• DATA FOR PROCESSING:
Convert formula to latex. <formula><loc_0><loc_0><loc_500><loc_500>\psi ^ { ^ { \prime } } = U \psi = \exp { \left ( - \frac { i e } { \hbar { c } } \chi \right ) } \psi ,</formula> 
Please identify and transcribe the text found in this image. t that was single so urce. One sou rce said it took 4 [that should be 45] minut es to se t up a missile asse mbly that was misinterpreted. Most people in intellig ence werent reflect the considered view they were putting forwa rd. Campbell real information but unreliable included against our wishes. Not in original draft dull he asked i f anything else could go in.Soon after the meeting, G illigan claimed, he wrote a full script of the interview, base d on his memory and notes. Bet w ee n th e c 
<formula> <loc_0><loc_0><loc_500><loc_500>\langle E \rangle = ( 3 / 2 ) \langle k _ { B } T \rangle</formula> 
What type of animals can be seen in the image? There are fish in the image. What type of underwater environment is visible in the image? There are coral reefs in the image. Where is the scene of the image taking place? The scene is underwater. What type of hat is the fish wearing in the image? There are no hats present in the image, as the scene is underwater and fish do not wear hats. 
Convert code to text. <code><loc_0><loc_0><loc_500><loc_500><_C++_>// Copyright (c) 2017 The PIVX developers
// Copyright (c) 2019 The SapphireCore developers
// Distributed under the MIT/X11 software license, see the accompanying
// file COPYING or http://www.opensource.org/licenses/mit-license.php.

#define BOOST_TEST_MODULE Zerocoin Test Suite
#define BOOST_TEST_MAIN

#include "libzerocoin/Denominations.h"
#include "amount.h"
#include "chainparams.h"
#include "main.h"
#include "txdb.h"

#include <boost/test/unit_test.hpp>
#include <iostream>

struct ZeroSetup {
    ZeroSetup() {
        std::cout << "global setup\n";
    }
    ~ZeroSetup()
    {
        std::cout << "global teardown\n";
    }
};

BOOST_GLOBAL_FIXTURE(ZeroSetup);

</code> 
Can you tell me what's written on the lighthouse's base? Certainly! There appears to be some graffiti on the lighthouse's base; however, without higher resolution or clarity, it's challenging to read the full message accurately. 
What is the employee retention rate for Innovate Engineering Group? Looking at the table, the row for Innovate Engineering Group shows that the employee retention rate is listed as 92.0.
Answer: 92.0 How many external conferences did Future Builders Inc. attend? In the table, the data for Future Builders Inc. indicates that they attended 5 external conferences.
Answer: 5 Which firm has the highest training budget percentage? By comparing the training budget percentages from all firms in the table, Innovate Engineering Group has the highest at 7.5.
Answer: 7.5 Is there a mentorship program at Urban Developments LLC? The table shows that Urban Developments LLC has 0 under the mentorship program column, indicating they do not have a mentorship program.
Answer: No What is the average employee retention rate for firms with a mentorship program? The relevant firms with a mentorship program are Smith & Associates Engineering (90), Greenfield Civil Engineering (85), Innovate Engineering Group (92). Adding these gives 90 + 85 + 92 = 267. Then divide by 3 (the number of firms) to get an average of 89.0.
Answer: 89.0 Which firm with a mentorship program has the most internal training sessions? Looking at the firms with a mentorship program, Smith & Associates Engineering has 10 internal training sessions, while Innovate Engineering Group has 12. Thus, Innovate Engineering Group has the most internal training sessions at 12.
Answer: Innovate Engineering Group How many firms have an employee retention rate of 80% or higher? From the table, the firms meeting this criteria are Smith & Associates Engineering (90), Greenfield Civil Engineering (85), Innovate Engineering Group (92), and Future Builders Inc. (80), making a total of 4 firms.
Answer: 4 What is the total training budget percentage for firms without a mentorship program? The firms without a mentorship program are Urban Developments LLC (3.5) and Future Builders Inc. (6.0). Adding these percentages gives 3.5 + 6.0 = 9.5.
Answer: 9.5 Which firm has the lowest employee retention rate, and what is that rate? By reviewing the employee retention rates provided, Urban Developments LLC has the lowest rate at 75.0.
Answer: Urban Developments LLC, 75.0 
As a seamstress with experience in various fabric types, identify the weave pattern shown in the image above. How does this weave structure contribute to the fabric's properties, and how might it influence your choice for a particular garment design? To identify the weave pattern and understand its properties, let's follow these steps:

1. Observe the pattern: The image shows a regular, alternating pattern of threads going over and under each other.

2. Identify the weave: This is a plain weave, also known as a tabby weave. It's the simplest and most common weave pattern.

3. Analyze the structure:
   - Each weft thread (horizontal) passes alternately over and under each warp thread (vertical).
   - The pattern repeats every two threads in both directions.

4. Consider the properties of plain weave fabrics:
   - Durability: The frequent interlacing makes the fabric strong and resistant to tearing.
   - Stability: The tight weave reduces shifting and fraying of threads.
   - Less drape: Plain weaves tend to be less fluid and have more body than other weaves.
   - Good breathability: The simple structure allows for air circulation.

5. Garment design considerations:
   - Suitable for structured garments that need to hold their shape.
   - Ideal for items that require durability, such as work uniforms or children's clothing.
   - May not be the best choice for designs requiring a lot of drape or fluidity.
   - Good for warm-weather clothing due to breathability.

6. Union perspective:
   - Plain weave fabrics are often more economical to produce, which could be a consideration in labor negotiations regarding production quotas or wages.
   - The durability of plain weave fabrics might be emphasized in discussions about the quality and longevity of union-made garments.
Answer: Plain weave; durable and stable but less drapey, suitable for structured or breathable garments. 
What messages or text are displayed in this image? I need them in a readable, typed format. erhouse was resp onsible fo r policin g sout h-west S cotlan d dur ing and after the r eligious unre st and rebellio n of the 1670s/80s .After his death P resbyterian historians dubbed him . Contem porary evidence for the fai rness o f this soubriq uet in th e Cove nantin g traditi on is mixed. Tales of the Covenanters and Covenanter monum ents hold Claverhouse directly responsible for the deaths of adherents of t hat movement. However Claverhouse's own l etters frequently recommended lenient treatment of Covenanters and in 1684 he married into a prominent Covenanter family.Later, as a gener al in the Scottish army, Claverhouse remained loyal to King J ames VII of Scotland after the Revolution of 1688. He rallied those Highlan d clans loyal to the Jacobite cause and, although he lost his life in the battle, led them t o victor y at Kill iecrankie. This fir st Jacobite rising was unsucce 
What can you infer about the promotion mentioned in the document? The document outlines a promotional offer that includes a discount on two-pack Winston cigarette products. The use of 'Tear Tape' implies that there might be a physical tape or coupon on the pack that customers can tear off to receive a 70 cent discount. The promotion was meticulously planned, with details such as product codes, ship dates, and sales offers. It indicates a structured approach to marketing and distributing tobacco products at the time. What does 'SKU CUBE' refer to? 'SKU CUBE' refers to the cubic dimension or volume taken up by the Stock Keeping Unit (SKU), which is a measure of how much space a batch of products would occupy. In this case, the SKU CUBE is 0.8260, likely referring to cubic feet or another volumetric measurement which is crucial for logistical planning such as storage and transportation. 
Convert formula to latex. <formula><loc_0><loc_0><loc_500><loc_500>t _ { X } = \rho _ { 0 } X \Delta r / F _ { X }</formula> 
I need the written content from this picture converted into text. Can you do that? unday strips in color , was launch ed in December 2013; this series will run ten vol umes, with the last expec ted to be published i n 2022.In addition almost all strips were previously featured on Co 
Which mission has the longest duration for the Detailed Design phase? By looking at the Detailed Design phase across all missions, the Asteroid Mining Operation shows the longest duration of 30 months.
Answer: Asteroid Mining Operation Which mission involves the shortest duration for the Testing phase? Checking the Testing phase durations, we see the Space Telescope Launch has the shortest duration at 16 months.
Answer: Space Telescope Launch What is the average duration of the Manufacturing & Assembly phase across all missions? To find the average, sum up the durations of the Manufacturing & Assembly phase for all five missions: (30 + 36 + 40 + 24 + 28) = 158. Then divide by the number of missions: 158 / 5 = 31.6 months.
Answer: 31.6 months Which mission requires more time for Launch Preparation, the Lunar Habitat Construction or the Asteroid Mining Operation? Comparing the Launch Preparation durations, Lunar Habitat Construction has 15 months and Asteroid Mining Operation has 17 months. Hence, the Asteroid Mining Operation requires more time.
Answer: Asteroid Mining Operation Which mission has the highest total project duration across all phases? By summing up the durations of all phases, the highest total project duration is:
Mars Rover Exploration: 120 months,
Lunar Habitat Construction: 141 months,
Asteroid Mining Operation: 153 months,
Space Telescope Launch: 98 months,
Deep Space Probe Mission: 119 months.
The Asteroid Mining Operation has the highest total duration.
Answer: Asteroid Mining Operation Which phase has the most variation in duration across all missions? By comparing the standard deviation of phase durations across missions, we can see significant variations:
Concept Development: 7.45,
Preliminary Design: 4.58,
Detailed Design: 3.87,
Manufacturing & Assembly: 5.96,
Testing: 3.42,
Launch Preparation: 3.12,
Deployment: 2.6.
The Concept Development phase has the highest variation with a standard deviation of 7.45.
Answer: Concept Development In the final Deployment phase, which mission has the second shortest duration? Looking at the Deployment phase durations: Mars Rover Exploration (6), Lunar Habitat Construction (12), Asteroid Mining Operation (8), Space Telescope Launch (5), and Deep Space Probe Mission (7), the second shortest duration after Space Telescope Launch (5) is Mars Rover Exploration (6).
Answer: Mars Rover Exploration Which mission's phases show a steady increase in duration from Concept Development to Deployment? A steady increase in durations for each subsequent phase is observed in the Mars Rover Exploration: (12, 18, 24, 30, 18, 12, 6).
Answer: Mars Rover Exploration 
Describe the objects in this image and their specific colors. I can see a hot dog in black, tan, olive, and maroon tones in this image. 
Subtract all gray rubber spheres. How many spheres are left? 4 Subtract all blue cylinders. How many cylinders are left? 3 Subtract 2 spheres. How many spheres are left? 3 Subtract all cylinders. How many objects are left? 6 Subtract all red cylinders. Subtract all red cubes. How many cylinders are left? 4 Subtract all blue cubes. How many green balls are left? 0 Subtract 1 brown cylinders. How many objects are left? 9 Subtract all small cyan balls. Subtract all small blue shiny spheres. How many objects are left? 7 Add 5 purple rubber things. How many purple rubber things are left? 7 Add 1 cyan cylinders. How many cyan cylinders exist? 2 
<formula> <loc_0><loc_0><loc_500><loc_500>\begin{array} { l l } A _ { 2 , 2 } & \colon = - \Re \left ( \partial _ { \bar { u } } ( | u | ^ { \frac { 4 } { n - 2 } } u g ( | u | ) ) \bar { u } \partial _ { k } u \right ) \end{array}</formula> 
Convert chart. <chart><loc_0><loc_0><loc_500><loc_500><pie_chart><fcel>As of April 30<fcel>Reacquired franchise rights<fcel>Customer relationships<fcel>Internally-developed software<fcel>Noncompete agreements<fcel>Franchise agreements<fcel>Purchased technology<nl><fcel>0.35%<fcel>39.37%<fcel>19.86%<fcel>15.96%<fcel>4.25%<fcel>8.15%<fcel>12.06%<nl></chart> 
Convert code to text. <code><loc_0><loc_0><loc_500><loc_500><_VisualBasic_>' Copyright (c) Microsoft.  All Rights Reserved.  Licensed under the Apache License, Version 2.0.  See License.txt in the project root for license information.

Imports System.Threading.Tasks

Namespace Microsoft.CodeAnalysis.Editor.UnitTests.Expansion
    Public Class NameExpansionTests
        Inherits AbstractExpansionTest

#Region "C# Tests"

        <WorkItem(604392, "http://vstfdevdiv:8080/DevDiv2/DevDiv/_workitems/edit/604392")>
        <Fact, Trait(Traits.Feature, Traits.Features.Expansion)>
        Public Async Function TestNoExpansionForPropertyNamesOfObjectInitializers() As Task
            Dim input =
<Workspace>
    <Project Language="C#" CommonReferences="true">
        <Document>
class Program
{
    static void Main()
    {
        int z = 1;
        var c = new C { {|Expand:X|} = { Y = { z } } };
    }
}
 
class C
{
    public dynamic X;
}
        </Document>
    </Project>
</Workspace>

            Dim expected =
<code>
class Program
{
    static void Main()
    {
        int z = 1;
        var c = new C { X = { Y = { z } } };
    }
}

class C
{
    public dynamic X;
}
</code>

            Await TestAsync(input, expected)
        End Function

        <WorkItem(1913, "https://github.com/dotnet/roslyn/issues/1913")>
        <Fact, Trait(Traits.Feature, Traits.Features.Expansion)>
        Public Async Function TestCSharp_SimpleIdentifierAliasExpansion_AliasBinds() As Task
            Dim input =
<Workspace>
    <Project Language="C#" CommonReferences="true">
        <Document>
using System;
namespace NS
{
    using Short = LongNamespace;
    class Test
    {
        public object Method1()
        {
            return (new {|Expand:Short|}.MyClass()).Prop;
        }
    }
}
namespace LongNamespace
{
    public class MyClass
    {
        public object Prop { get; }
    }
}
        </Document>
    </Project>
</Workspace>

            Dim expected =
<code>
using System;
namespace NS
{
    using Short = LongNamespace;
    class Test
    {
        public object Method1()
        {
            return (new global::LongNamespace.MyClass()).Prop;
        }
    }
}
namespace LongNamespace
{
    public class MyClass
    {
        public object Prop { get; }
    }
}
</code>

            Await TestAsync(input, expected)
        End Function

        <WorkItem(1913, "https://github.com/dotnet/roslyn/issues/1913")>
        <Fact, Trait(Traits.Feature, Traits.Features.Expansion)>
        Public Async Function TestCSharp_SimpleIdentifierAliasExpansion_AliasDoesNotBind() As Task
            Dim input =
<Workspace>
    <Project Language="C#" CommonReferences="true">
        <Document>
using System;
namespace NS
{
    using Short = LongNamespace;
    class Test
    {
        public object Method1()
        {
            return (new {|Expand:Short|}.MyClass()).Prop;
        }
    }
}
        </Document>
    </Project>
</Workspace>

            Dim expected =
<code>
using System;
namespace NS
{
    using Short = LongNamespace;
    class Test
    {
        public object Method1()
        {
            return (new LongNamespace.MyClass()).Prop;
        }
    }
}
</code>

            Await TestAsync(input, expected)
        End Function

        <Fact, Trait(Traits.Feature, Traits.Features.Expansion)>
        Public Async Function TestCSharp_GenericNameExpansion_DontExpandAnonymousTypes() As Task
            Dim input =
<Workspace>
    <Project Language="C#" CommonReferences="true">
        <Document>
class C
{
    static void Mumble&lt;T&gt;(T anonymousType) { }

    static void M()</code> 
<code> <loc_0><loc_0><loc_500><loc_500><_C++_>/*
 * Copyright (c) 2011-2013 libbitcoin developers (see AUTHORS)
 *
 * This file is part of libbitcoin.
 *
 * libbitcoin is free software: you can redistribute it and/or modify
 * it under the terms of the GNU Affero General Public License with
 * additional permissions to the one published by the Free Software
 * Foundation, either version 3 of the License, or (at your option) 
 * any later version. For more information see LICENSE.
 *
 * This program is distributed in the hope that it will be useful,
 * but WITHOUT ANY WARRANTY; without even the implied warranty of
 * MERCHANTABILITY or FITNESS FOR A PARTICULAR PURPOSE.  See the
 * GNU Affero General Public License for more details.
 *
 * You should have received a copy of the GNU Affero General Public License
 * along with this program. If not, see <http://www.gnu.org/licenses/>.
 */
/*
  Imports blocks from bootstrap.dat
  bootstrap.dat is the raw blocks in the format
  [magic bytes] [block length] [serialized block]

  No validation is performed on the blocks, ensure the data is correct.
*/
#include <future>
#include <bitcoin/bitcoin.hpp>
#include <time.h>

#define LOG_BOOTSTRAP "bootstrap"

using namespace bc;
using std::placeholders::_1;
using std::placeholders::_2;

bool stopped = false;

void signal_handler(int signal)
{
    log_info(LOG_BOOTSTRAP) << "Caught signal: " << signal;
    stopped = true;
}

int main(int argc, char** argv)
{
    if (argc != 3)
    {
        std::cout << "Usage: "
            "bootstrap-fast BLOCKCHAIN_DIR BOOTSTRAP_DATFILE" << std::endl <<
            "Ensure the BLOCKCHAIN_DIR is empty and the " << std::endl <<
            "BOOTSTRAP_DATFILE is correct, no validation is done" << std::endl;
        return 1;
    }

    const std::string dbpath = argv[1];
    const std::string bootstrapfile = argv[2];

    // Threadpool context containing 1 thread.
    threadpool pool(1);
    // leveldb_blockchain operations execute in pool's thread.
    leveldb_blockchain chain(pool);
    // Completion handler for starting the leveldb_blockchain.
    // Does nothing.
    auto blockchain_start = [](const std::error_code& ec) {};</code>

• WHAT YOU SHOULD DO: Say how many of the lines above include the word "higher", giving the figure alone.

• WRITTEN RESPONSE: 2